_Exercise_
Transcribe the records that follow exactly. Skip the pictures.

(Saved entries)
——————————

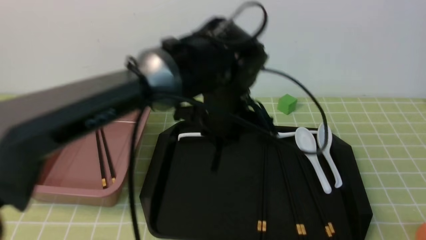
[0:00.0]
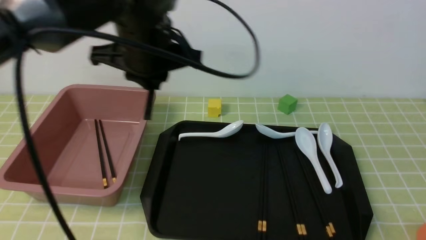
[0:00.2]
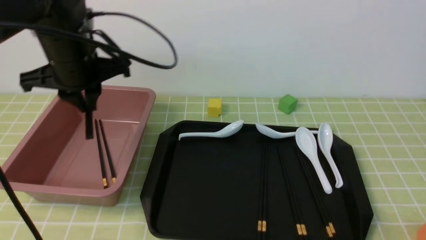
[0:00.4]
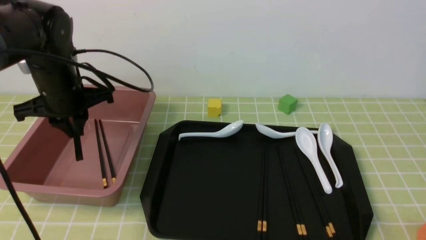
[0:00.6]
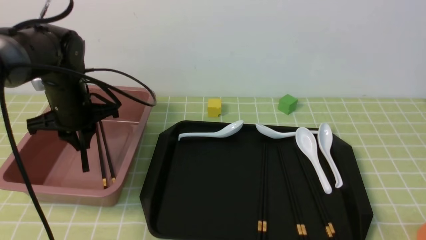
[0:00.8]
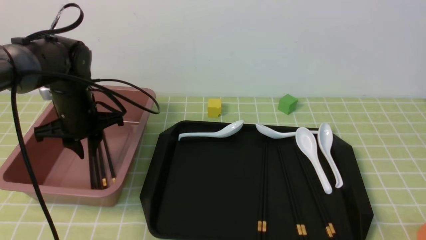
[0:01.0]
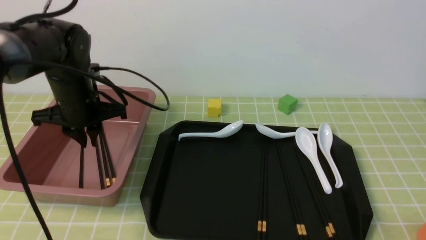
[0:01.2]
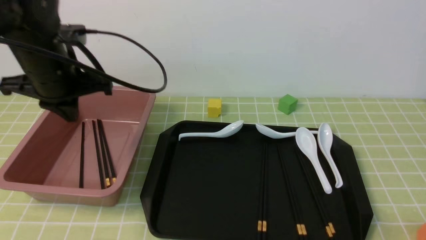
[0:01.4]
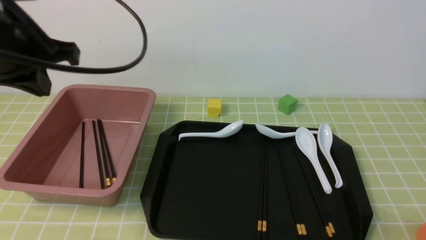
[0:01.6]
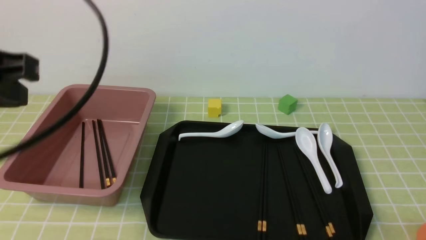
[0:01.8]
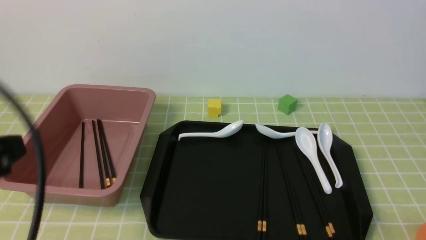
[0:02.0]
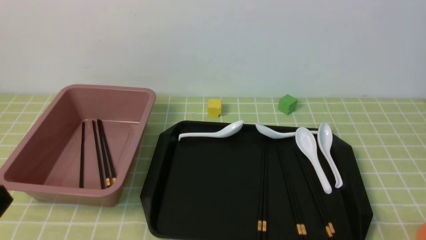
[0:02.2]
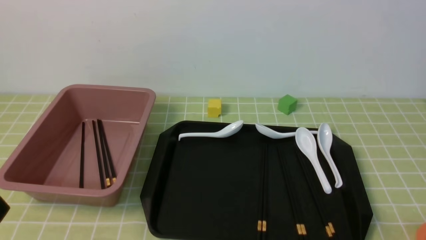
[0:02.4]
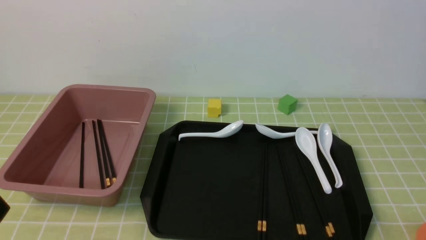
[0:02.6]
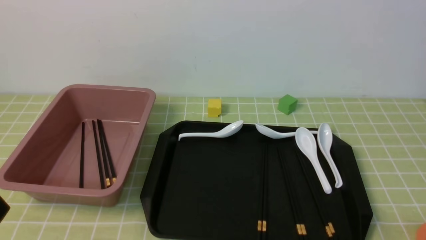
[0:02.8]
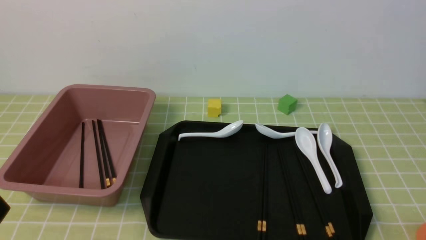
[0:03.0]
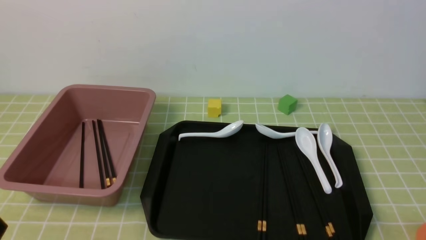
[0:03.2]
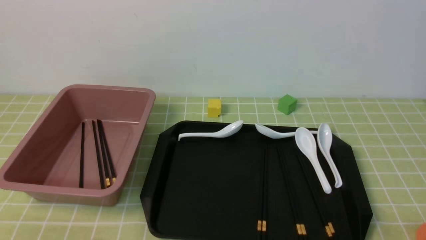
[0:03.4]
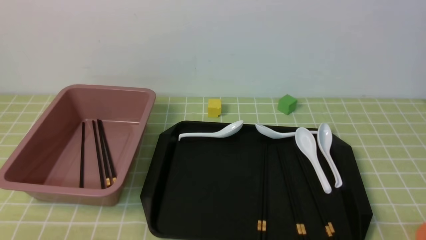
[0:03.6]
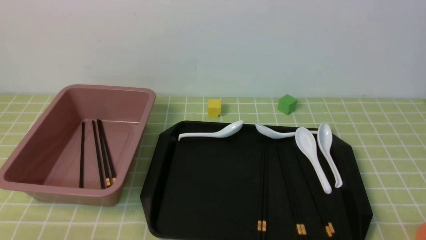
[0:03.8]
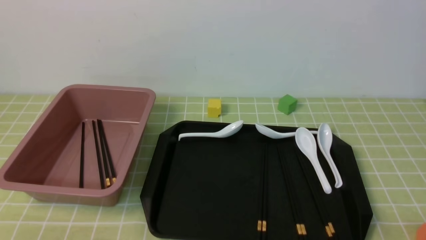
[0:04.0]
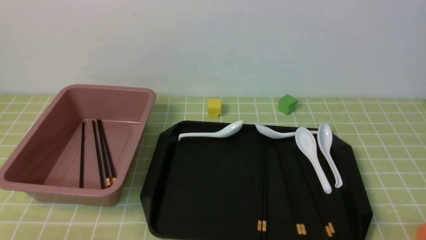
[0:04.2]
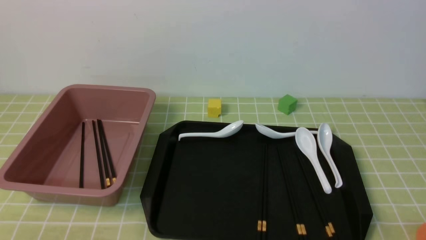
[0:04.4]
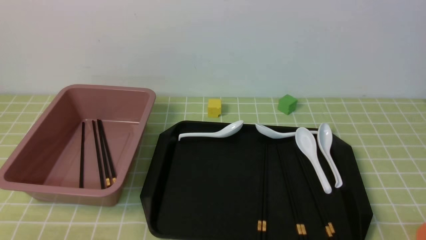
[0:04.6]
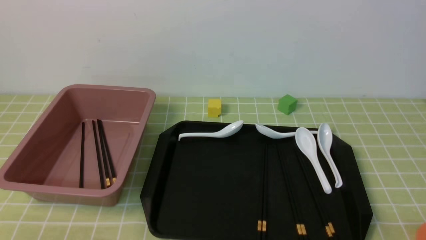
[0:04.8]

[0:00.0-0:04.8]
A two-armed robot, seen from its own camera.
Step, 0:00.2 to 0:01.4: use the left arm to put the chopsticks into the lunch box.
0:00.0 to 0:01.6: The left gripper goes approximately 25 cm to the left and upward.
0:01.6 to 0:03.2: The left gripper moves backward and downward, approximately 25 cm.

——————————

_Response area_
[0:00.0]
[0:00.2]
[0:00.4]
[0:00.6]
[0:00.8]
[0:01.0]
[0:01.2]
[0:01.4]
[0:01.6]
[0:01.8]
[0:02.0]
[0:02.2]
[0:02.4]
[0:02.6]
[0:02.8]
[0:03.0]
[0:03.2]
[0:03.4]
[0:03.6]
[0:03.8]
[0:04.0]
[0:04.2]
[0:04.4]
[0:04.6]
[0:04.8]

[0:00.0-0:04.8]
A two-armed robot, seen from its own camera.
Step, 0:00.2 to 0:01.4: use the left arm to put the chopsticks into the lunch box.
0:00.0 to 0:01.6: The left gripper goes approximately 25 cm to the left and upward.
0:01.6 to 0:03.2: The left gripper moves backward and downward, approximately 25 cm.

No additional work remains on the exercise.